**Your instructions:** In the entries below, which lines run from the one containing "Provide a succinct answer. Togo." to the one containing "Provide a short and direct response. 3.15."? Copy exactly those lines, ends included, and no others.

**Extracted data:**
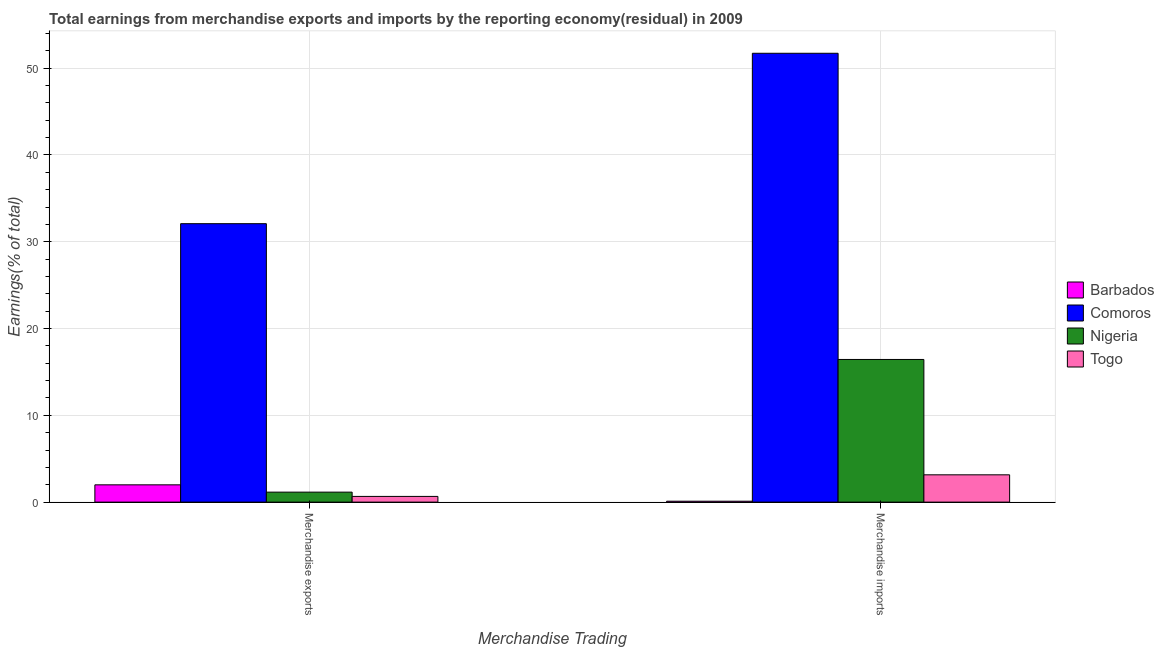Are the number of bars per tick equal to the number of legend labels?
Provide a short and direct response. Yes. How many bars are there on the 1st tick from the right?
Provide a succinct answer. 4. What is the label of the 2nd group of bars from the left?
Provide a succinct answer. Merchandise imports. What is the earnings from merchandise exports in Nigeria?
Your answer should be very brief. 1.15. Across all countries, what is the maximum earnings from merchandise exports?
Make the answer very short. 32.08. Across all countries, what is the minimum earnings from merchandise imports?
Provide a succinct answer. 0.1. In which country was the earnings from merchandise exports maximum?
Your answer should be compact. Comoros. In which country was the earnings from merchandise exports minimum?
Your answer should be very brief. Togo. What is the total earnings from merchandise exports in the graph?
Your response must be concise. 35.89. What is the difference between the earnings from merchandise exports in Barbados and that in Nigeria?
Your answer should be compact. 0.84. What is the difference between the earnings from merchandise imports in Togo and the earnings from merchandise exports in Comoros?
Your answer should be compact. -28.94. What is the average earnings from merchandise exports per country?
Your answer should be very brief. 8.97. What is the difference between the earnings from merchandise imports and earnings from merchandise exports in Comoros?
Provide a succinct answer. 19.64. What is the ratio of the earnings from merchandise exports in Togo to that in Barbados?
Provide a short and direct response. 0.33. In how many countries, is the earnings from merchandise exports greater than the average earnings from merchandise exports taken over all countries?
Make the answer very short. 1. What does the 4th bar from the left in Merchandise imports represents?
Provide a succinct answer. Togo. What does the 4th bar from the right in Merchandise imports represents?
Your answer should be very brief. Barbados. How many bars are there?
Your answer should be compact. 8. How many countries are there in the graph?
Make the answer very short. 4. What is the difference between two consecutive major ticks on the Y-axis?
Provide a succinct answer. 10. Are the values on the major ticks of Y-axis written in scientific E-notation?
Your response must be concise. No. How are the legend labels stacked?
Provide a succinct answer. Vertical. What is the title of the graph?
Keep it short and to the point. Total earnings from merchandise exports and imports by the reporting economy(residual) in 2009. Does "Haiti" appear as one of the legend labels in the graph?
Your answer should be compact. No. What is the label or title of the X-axis?
Provide a succinct answer. Merchandise Trading. What is the label or title of the Y-axis?
Offer a terse response. Earnings(% of total). What is the Earnings(% of total) of Barbados in Merchandise exports?
Your answer should be compact. 1.99. What is the Earnings(% of total) of Comoros in Merchandise exports?
Ensure brevity in your answer.  32.08. What is the Earnings(% of total) in Nigeria in Merchandise exports?
Keep it short and to the point. 1.15. What is the Earnings(% of total) of Togo in Merchandise exports?
Make the answer very short. 0.66. What is the Earnings(% of total) of Barbados in Merchandise imports?
Your answer should be very brief. 0.1. What is the Earnings(% of total) of Comoros in Merchandise imports?
Offer a very short reply. 51.72. What is the Earnings(% of total) in Nigeria in Merchandise imports?
Offer a terse response. 16.44. What is the Earnings(% of total) of Togo in Merchandise imports?
Provide a short and direct response. 3.15. Across all Merchandise Trading, what is the maximum Earnings(% of total) of Barbados?
Your answer should be very brief. 1.99. Across all Merchandise Trading, what is the maximum Earnings(% of total) of Comoros?
Keep it short and to the point. 51.72. Across all Merchandise Trading, what is the maximum Earnings(% of total) of Nigeria?
Offer a very short reply. 16.44. Across all Merchandise Trading, what is the maximum Earnings(% of total) in Togo?
Provide a succinct answer. 3.15. Across all Merchandise Trading, what is the minimum Earnings(% of total) of Barbados?
Offer a very short reply. 0.1. Across all Merchandise Trading, what is the minimum Earnings(% of total) in Comoros?
Provide a succinct answer. 32.08. Across all Merchandise Trading, what is the minimum Earnings(% of total) in Nigeria?
Keep it short and to the point. 1.15. Across all Merchandise Trading, what is the minimum Earnings(% of total) of Togo?
Ensure brevity in your answer.  0.66. What is the total Earnings(% of total) in Barbados in the graph?
Offer a terse response. 2.1. What is the total Earnings(% of total) of Comoros in the graph?
Offer a very short reply. 83.8. What is the total Earnings(% of total) in Nigeria in the graph?
Give a very brief answer. 17.59. What is the total Earnings(% of total) in Togo in the graph?
Offer a very short reply. 3.8. What is the difference between the Earnings(% of total) in Barbados in Merchandise exports and that in Merchandise imports?
Your response must be concise. 1.89. What is the difference between the Earnings(% of total) in Comoros in Merchandise exports and that in Merchandise imports?
Provide a short and direct response. -19.64. What is the difference between the Earnings(% of total) of Nigeria in Merchandise exports and that in Merchandise imports?
Your response must be concise. -15.29. What is the difference between the Earnings(% of total) in Togo in Merchandise exports and that in Merchandise imports?
Ensure brevity in your answer.  -2.49. What is the difference between the Earnings(% of total) of Barbados in Merchandise exports and the Earnings(% of total) of Comoros in Merchandise imports?
Give a very brief answer. -49.73. What is the difference between the Earnings(% of total) in Barbados in Merchandise exports and the Earnings(% of total) in Nigeria in Merchandise imports?
Make the answer very short. -14.45. What is the difference between the Earnings(% of total) in Barbados in Merchandise exports and the Earnings(% of total) in Togo in Merchandise imports?
Your answer should be very brief. -1.15. What is the difference between the Earnings(% of total) of Comoros in Merchandise exports and the Earnings(% of total) of Nigeria in Merchandise imports?
Offer a very short reply. 15.65. What is the difference between the Earnings(% of total) of Comoros in Merchandise exports and the Earnings(% of total) of Togo in Merchandise imports?
Offer a terse response. 28.94. What is the difference between the Earnings(% of total) in Nigeria in Merchandise exports and the Earnings(% of total) in Togo in Merchandise imports?
Provide a short and direct response. -1.99. What is the average Earnings(% of total) in Barbados per Merchandise Trading?
Keep it short and to the point. 1.05. What is the average Earnings(% of total) in Comoros per Merchandise Trading?
Keep it short and to the point. 41.9. What is the average Earnings(% of total) in Nigeria per Merchandise Trading?
Offer a terse response. 8.8. What is the average Earnings(% of total) in Togo per Merchandise Trading?
Provide a short and direct response. 1.9. What is the difference between the Earnings(% of total) in Barbados and Earnings(% of total) in Comoros in Merchandise exports?
Your answer should be very brief. -30.09. What is the difference between the Earnings(% of total) of Barbados and Earnings(% of total) of Nigeria in Merchandise exports?
Your answer should be compact. 0.84. What is the difference between the Earnings(% of total) in Barbados and Earnings(% of total) in Togo in Merchandise exports?
Provide a short and direct response. 1.34. What is the difference between the Earnings(% of total) of Comoros and Earnings(% of total) of Nigeria in Merchandise exports?
Make the answer very short. 30.93. What is the difference between the Earnings(% of total) of Comoros and Earnings(% of total) of Togo in Merchandise exports?
Your answer should be very brief. 31.43. What is the difference between the Earnings(% of total) in Nigeria and Earnings(% of total) in Togo in Merchandise exports?
Offer a very short reply. 0.49. What is the difference between the Earnings(% of total) of Barbados and Earnings(% of total) of Comoros in Merchandise imports?
Provide a succinct answer. -51.61. What is the difference between the Earnings(% of total) in Barbados and Earnings(% of total) in Nigeria in Merchandise imports?
Offer a terse response. -16.33. What is the difference between the Earnings(% of total) in Barbados and Earnings(% of total) in Togo in Merchandise imports?
Offer a very short reply. -3.04. What is the difference between the Earnings(% of total) in Comoros and Earnings(% of total) in Nigeria in Merchandise imports?
Keep it short and to the point. 35.28. What is the difference between the Earnings(% of total) in Comoros and Earnings(% of total) in Togo in Merchandise imports?
Make the answer very short. 48.57. What is the difference between the Earnings(% of total) in Nigeria and Earnings(% of total) in Togo in Merchandise imports?
Offer a terse response. 13.29. What is the ratio of the Earnings(% of total) in Barbados in Merchandise exports to that in Merchandise imports?
Make the answer very short. 19.05. What is the ratio of the Earnings(% of total) in Comoros in Merchandise exports to that in Merchandise imports?
Keep it short and to the point. 0.62. What is the ratio of the Earnings(% of total) of Nigeria in Merchandise exports to that in Merchandise imports?
Keep it short and to the point. 0.07. What is the ratio of the Earnings(% of total) in Togo in Merchandise exports to that in Merchandise imports?
Keep it short and to the point. 0.21. What is the difference between the highest and the second highest Earnings(% of total) of Barbados?
Offer a terse response. 1.89. What is the difference between the highest and the second highest Earnings(% of total) of Comoros?
Ensure brevity in your answer.  19.64. What is the difference between the highest and the second highest Earnings(% of total) of Nigeria?
Make the answer very short. 15.29. What is the difference between the highest and the second highest Earnings(% of total) in Togo?
Offer a very short reply. 2.49. What is the difference between the highest and the lowest Earnings(% of total) in Barbados?
Offer a very short reply. 1.89. What is the difference between the highest and the lowest Earnings(% of total) of Comoros?
Keep it short and to the point. 19.64. What is the difference between the highest and the lowest Earnings(% of total) in Nigeria?
Ensure brevity in your answer.  15.29. What is the difference between the highest and the lowest Earnings(% of total) in Togo?
Keep it short and to the point. 2.49.

**Answer:**
Provide a succinct answer. Togo. What does the 4th bar from the right in Merchandise imports represents?
Your answer should be very brief. Barbados. How many bars are there?
Your answer should be compact. 8. How many countries are there in the graph?
Make the answer very short. 4. What is the difference between two consecutive major ticks on the Y-axis?
Provide a succinct answer. 10. Are the values on the major ticks of Y-axis written in scientific E-notation?
Your response must be concise. No. How are the legend labels stacked?
Provide a succinct answer. Vertical. What is the title of the graph?
Keep it short and to the point. Total earnings from merchandise exports and imports by the reporting economy(residual) in 2009. Does "Haiti" appear as one of the legend labels in the graph?
Your answer should be compact. No. What is the label or title of the X-axis?
Provide a succinct answer. Merchandise Trading. What is the label or title of the Y-axis?
Offer a terse response. Earnings(% of total). What is the Earnings(% of total) of Barbados in Merchandise exports?
Your answer should be compact. 1.99. What is the Earnings(% of total) of Comoros in Merchandise exports?
Ensure brevity in your answer.  32.08. What is the Earnings(% of total) in Nigeria in Merchandise exports?
Keep it short and to the point. 1.15. What is the Earnings(% of total) of Togo in Merchandise exports?
Make the answer very short. 0.66. What is the Earnings(% of total) of Barbados in Merchandise imports?
Your answer should be very brief. 0.1. What is the Earnings(% of total) of Comoros in Merchandise imports?
Offer a very short reply. 51.72. What is the Earnings(% of total) in Nigeria in Merchandise imports?
Offer a terse response. 16.44. What is the Earnings(% of total) of Togo in Merchandise imports?
Provide a short and direct response. 3.15. Across all Merchandise Trading, what is the maximum Earnings(% of total) of Barbados?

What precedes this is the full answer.